Copy out only the span from the line with "HFOV 83.8°." to the end of the data, both ends kept, word for word.

[Input for this task — start]

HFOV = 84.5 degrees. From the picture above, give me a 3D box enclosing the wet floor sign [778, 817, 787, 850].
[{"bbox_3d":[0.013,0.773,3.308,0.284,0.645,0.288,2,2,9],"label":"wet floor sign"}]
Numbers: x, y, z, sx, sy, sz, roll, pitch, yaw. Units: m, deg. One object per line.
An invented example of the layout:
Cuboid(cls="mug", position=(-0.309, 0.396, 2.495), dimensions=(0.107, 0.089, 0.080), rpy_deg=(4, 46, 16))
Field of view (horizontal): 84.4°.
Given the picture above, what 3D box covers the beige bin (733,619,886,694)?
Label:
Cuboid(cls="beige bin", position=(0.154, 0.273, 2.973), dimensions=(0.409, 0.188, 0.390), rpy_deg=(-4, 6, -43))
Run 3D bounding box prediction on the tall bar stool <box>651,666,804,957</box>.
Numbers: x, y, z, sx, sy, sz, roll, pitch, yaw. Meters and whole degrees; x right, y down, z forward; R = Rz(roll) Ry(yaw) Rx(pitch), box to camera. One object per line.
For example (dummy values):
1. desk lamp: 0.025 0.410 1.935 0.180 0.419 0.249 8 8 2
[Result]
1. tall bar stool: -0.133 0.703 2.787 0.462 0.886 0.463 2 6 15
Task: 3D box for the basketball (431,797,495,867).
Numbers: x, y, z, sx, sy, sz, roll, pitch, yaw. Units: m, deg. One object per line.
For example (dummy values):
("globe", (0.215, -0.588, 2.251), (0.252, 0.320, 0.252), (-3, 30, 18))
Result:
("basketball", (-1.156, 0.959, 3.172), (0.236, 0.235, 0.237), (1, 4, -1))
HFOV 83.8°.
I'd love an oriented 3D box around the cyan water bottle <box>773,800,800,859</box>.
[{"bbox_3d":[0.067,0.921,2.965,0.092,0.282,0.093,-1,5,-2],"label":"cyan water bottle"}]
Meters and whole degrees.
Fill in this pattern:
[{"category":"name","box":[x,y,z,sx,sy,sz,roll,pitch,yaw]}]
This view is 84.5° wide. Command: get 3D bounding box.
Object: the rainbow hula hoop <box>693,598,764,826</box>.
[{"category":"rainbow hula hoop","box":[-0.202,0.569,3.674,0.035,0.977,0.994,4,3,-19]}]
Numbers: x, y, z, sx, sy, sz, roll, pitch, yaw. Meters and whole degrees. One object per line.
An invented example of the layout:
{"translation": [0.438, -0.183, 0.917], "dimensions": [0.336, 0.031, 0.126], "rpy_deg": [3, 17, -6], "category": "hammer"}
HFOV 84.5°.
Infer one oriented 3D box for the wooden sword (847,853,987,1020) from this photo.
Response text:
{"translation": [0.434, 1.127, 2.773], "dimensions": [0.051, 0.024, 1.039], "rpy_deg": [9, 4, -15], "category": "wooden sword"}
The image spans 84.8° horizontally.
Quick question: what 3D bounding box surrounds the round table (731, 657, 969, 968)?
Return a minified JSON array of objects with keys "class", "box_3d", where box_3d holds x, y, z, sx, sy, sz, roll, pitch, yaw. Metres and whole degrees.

[Input for this task — finish]

Solution to this exercise:
HFOV 83.8°.
I'd love an oriented 3D box around the cyan water bottle <box>773,800,800,859</box>.
[{"bbox_3d":[0.067,0.921,2.965,0.092,0.282,0.093,-1,5,-2],"label":"cyan water bottle"}]
Meters and whole degrees.
Fill in this pattern:
[{"category":"name","box":[x,y,z,sx,sy,sz,roll,pitch,yaw]}]
This view is 84.5° wide. Command: get 3D bounding box.
Object: the rainbow hula hoop <box>693,598,764,826</box>.
[{"category":"rainbow hula hoop","box":[-0.202,0.569,3.674,0.035,0.977,0.994,4,3,-19]}]
Numbers: x, y, z, sx, sy, sz, roll, pitch, yaw. Meters and whole degrees. One object per line.
An invented example of the layout:
{"translation": [0.438, -0.183, 0.917], "dimensions": [0.336, 0.031, 0.126], "rpy_deg": [3, 17, -6], "category": "hammer"}
HFOV 84.5°.
Infer one oriented 3D box for the wooden sword (847,853,987,1020) from this photo.
Response text:
{"translation": [0.434, 1.127, 2.773], "dimensions": [0.051, 0.024, 1.039], "rpy_deg": [9, 4, -15], "category": "wooden sword"}
The image spans 84.8° horizontally.
Quick question: what 3D bounding box surrounds the round table (731, 657, 969, 968)?
Return a minified JSON array of objects with keys "class", "box_3d", where box_3d holds x, y, z, sx, sy, sz, roll, pitch, yaw. Metres and whole degrees.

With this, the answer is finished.